Pre-trained Model | Model Size | Dataset | Resolution | Tuning Efficiency | NFE (⚡) | FID (⚡) | Tuned Model |
---|---|---|---|---|---|---|---|
Lightning-DiT | 675M | ImageNet | 256×256 | 0.64 epoch (10 mins) | 2 | 2.06 | Link |
REPA | 675M | ImageNet | 256×256 | 0.64 epoch (13 mins) | 2 | 1.95 | Link |
REPA-E | 675M | ImageNet | 256×256 | 0.40 epoch (8 mins) | 2 | 1.39 | Link |
DDT | 675M | ImageNet | 256×256 | 0.32 epoch (11 mins) | 2 | 1.90 | Link |
(Please note that the tuning time mentioned above is based on evaluation using 8 H800 GPUs)
💻 Usage Examples
Generate Images:
# Generate samples using our tuned few-step model
bash scripts/run_eval.sh ./configs/tuning_few_steps/in1k256_sit_xl_repae_linear.yaml
Train multi-step and few-step models (diffusion, flow-matching, consistency) with UCGM-T. All models sample efficiently without guidance.

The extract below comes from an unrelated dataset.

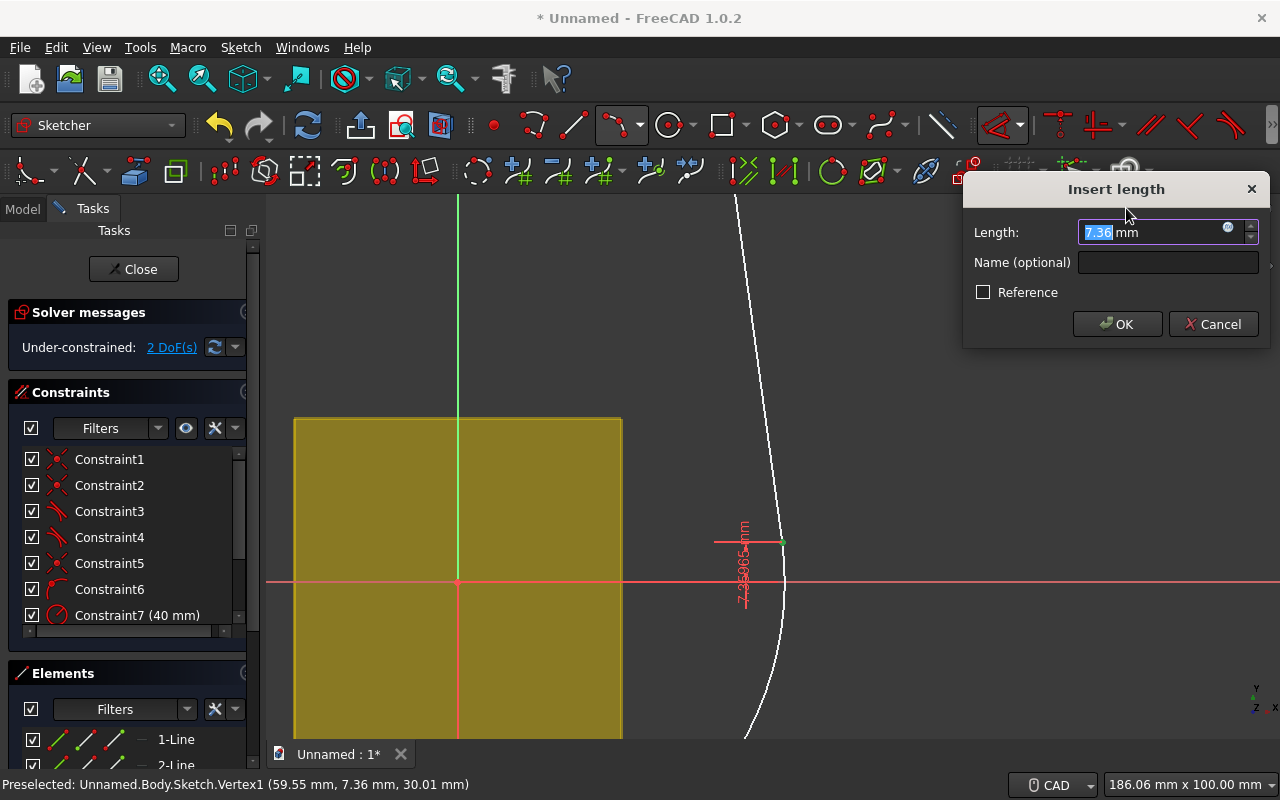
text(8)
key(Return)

Encoders | Model Size | Resolution | Dataset | NFE | FID | Model |
---|---|---|---|---|---|---|
VA-VAE | 675M | 256×256 | ImageNet | 30 | 1.21 | Link |
VA-VAE | 675M | 256×256 | ImageNet | 2 | 1.42 | Link |
DC-AE | 675M | 512×512 | ImageNet | 40 | 1.48 | Link |
DC-AE | 675M | 512×512 | ImageNet | 2 | 1.75 | Link |
💻 Usage Examples
Generate Images:
# Generate samples using our pretrained few-step model
bash scripts/run_eval.sh ./configs/training_few_steps/in1k256_tit_xl_vavae.yaml
Train Models:
# Train a new multi-step model (full training)
bash scripts/run_train.sh ./configs/training_multi_steps/in1k512_tit_xl_dcae.yaml
# Convert to few-step model (requires pretrained multi-step checkpoint)

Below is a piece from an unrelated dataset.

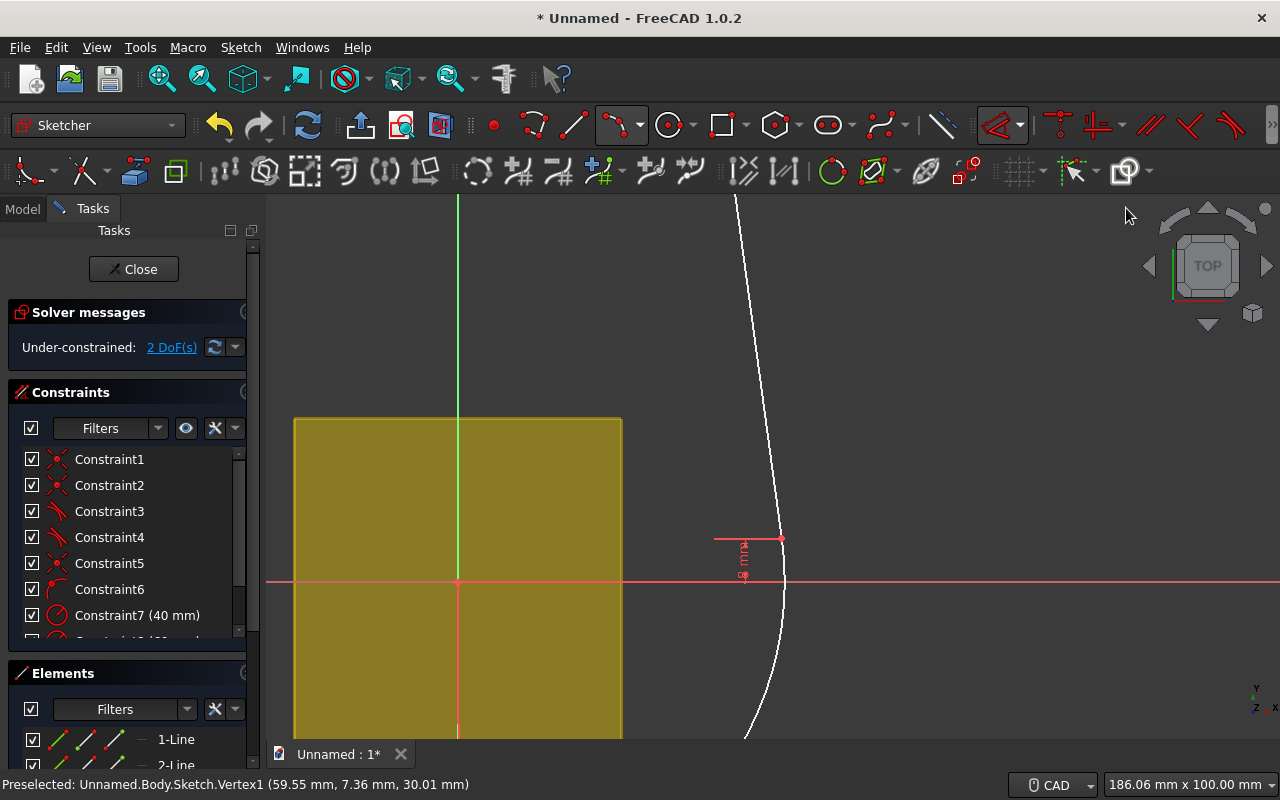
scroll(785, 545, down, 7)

bash scripts/run_train.sh ./configs/training_few_steps/in1k512_tit_xl_dcae.yaml
❗ Note for few-step training:
- Requires initialization from a multi-step checkpoint
- Prepare your checkpoint file with both
model
andema
keys:{ "model": multi_step_ckpt["ema"], "ema": multi_step_ckpt["ema"] }
If you find this repository helpful for your project, please consider citing our work:
@article{sun2025unified,
title = {Unified continuous generative models},
author = {Sun, Peng and Jiang, Yi and Lin, Tao},
journal = {arXiv preprint arXiv:2505.07447},
year = {2025},
url = {https://arxiv.org/abs/2505.07447},
archiveprefix = {arXiv},
eprint = {2505.07447},
primaryclass = {cs.LG}
}
Apache License 2.0 - See LICENSE for details.